--- START ---

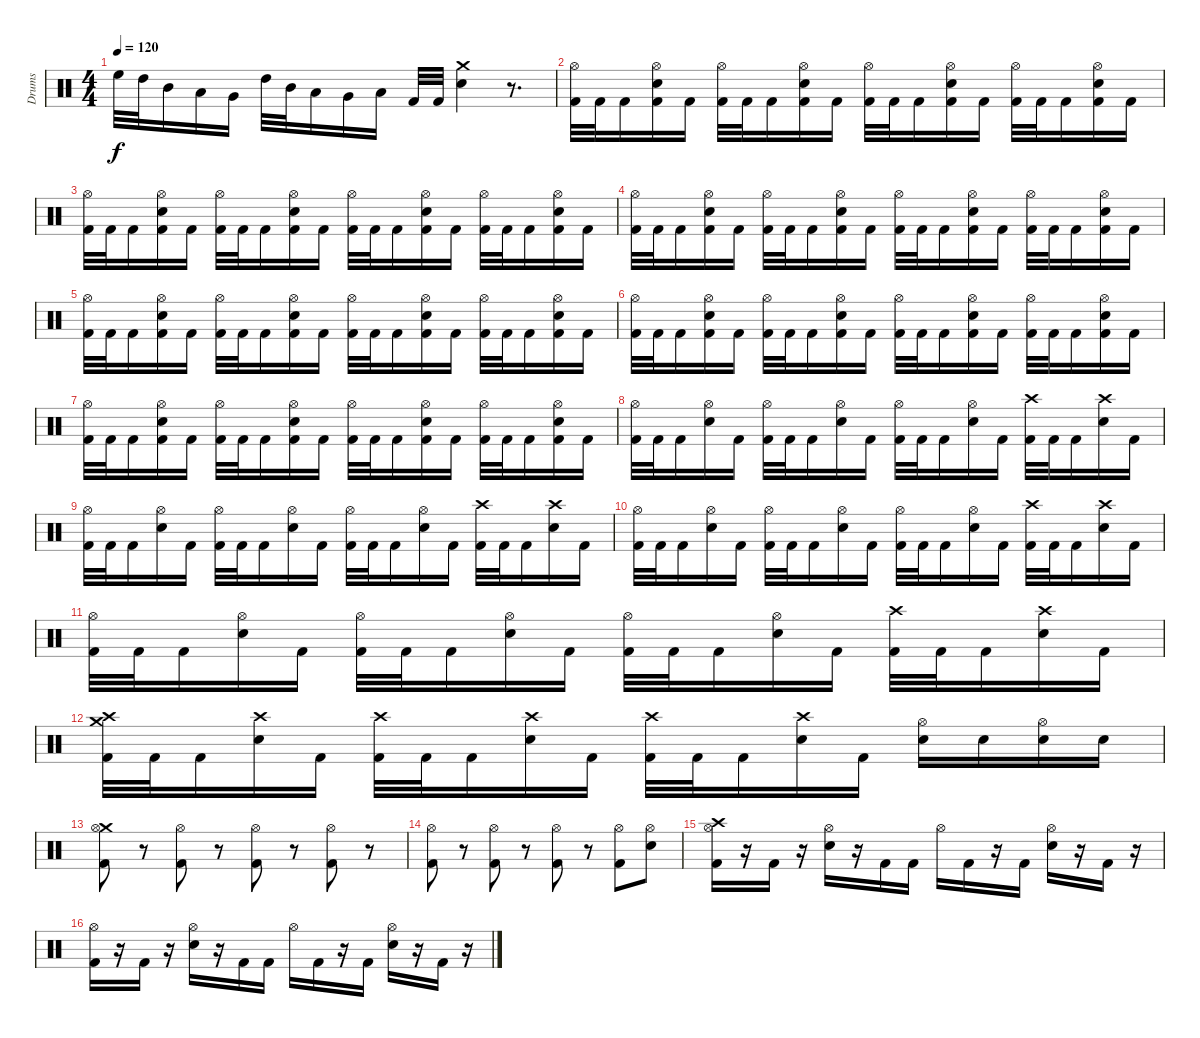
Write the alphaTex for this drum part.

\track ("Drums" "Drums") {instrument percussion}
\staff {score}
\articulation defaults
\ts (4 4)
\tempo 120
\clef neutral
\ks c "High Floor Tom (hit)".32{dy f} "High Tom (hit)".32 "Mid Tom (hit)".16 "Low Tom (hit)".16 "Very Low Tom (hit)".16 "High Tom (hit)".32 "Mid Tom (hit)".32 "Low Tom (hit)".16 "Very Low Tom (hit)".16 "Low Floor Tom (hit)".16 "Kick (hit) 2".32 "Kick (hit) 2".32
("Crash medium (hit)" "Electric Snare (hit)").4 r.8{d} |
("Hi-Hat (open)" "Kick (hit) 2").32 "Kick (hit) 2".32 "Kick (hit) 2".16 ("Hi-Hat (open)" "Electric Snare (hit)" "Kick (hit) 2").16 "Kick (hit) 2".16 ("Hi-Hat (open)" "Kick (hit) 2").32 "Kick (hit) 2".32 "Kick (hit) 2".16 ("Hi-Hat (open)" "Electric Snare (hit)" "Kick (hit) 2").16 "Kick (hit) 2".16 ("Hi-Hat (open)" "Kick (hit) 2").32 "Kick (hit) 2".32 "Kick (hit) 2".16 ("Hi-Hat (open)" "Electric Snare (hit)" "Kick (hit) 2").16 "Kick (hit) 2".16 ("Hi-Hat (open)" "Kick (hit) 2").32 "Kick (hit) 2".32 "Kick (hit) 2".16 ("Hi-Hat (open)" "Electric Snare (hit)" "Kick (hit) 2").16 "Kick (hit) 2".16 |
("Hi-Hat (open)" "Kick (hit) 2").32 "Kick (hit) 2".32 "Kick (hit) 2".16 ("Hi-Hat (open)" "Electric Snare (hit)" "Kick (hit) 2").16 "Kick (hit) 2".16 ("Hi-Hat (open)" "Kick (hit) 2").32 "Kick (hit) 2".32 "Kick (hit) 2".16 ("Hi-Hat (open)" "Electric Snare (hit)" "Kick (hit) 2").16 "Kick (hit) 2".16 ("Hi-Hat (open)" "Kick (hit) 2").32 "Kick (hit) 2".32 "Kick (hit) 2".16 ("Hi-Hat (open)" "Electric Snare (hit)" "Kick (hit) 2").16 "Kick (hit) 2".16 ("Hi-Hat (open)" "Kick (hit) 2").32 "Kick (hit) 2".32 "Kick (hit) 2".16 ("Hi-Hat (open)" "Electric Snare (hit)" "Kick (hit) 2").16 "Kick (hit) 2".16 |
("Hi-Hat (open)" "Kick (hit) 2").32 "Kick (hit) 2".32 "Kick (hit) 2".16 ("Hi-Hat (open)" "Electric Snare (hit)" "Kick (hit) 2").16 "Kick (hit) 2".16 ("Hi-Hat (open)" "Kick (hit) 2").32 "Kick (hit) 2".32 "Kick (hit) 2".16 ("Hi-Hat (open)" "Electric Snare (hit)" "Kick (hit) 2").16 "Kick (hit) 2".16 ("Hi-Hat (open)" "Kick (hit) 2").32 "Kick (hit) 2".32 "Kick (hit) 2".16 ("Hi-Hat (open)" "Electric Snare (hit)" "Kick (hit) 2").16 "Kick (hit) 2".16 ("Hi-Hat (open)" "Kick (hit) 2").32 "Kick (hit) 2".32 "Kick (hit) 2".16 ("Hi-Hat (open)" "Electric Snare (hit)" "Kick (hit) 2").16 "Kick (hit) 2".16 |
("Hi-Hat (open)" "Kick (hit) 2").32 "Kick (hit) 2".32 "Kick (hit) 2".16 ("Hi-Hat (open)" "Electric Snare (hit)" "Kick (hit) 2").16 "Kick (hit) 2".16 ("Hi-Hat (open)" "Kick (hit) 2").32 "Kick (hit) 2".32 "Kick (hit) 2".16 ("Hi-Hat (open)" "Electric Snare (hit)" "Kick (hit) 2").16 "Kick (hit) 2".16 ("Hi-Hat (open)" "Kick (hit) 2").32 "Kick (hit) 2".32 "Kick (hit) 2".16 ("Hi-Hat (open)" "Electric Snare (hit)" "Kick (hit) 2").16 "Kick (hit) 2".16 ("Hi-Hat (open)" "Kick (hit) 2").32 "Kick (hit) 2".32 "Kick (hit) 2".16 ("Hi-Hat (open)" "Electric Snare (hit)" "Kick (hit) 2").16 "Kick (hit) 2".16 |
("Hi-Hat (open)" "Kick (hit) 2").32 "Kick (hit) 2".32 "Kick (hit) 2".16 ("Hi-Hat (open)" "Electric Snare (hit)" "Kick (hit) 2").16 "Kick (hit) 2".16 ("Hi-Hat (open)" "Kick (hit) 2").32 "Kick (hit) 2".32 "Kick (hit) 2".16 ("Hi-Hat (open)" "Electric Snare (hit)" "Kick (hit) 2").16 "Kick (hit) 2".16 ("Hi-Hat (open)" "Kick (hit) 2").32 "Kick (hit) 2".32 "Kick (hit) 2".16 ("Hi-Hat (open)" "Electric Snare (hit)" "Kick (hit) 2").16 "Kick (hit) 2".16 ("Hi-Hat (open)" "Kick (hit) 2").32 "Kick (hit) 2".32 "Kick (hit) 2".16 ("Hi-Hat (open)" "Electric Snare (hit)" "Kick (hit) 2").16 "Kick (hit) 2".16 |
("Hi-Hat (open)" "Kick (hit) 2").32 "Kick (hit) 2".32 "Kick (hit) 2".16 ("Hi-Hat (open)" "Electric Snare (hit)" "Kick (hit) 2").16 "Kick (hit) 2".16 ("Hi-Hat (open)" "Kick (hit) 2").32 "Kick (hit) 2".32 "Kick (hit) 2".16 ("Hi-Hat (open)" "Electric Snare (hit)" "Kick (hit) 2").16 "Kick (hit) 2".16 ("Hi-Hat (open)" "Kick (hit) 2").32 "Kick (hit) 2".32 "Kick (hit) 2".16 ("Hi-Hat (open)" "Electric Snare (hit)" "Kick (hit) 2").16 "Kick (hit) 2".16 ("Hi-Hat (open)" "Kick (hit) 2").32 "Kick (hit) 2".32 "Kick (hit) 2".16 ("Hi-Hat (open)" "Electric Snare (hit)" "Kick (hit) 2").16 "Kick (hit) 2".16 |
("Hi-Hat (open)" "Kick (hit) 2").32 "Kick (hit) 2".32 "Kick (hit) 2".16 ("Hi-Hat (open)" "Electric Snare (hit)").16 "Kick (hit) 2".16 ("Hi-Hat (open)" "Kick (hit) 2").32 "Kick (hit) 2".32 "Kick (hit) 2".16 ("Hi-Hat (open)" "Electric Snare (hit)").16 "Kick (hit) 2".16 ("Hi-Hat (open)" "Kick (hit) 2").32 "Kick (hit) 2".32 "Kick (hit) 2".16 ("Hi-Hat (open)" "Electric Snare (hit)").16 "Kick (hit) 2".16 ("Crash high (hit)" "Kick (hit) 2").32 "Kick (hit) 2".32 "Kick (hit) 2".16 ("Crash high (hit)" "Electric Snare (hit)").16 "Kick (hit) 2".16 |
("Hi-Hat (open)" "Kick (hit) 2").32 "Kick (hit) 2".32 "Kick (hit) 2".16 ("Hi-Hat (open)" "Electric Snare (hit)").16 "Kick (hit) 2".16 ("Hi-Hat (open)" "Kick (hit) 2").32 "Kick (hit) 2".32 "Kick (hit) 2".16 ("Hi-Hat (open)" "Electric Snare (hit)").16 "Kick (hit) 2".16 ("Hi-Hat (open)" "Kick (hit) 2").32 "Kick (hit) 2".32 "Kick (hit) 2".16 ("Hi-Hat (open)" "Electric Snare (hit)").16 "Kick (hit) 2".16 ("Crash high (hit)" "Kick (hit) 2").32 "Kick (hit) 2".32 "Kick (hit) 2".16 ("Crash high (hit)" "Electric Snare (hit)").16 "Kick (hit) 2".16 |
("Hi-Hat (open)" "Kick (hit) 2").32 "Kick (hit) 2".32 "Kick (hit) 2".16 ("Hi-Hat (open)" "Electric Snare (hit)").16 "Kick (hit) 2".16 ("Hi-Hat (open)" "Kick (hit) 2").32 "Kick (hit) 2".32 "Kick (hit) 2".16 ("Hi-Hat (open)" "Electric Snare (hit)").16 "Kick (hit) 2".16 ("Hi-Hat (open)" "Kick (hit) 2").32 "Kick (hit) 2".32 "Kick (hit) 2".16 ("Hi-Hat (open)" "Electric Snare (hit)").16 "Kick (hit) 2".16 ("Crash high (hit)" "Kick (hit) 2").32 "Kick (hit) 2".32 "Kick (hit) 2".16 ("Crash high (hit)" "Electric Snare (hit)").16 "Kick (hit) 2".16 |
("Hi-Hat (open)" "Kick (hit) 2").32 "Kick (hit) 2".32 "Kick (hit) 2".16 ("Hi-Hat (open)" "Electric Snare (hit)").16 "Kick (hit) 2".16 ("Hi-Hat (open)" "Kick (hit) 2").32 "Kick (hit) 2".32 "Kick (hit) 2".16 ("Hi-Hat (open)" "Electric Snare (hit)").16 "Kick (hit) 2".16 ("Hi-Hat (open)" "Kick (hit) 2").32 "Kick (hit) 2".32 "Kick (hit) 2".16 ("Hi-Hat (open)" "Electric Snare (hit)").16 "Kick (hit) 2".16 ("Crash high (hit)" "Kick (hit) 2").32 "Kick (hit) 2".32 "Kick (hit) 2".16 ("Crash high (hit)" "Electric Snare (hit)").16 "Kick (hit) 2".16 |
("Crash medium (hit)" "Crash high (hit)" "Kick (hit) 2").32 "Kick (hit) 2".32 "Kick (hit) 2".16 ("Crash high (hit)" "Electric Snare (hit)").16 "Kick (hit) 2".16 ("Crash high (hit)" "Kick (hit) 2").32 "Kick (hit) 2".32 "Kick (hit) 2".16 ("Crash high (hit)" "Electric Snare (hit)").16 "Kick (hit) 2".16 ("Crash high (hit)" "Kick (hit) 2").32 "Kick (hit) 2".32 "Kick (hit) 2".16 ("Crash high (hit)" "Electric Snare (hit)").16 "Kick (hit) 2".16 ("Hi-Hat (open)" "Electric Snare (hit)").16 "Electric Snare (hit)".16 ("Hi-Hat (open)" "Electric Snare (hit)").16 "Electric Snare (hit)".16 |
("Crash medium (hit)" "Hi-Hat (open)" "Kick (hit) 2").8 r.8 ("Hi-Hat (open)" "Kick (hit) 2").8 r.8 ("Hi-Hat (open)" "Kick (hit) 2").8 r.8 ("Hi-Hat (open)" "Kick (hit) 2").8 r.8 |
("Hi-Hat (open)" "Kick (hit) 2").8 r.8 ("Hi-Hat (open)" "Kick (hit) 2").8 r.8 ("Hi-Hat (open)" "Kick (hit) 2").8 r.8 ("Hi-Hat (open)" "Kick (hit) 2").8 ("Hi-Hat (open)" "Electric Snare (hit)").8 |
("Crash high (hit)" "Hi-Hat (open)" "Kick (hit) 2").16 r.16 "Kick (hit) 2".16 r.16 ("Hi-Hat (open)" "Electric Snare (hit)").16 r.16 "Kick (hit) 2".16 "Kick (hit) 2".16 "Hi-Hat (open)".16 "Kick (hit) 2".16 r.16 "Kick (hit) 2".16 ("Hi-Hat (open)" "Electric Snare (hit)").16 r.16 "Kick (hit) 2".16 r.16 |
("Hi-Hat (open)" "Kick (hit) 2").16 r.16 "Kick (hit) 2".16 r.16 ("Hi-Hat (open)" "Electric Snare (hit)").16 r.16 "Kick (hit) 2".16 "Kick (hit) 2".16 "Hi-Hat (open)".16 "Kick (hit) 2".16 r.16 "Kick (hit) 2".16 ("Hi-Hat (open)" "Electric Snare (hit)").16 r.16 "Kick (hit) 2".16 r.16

--- END ---

Pull every line that holds the string "medium" out of the records.

-- RESULT --
("Crash medium (hit)" "Electric Snare (hit)").4 r.8{d} |
("Crash medium (hit)" "Crash high (hit)" "Kick (hit) 2").32 "Kick (hit) 2".32 "Kick (hit) 2".16 ("Crash high (hit)" "Electric Snare (hit)").16 "Kick (hit) 2".16 ("Crash high (hit)" "Kick (hit) 2").32 "Kick (hit) 2".32 "Kick (hit) 2".16 ("Crash high (hit)" "Electric Snare (hit)").16 "Kick (hit) 2".16 ("Crash high (hit)" "Kick (hit) 2").32 "Kick (hit) 2".32 "Kick (hit) 2".16 ("Crash high (hit)" "Electric Snare (hit)").16 "Kick (hit) 2".16 ("Hi-Hat (open)" "Electric Snare (hit)").16 "Electric Snare (hit)".16 ("Hi-Hat (open)" "Electric Snare (hit)").16 "Electric Snare (hit)".16 |
("Crash medium (hit)" "Hi-Hat (open)" "Kick (hit) 2").8 r.8 ("Hi-Hat (open)" "Kick (hit) 2").8 r.8 ("Hi-Hat (open)" "Kick (hit) 2").8 r.8 ("Hi-Hat (open)" "Kick (hit) 2").8 r.8 |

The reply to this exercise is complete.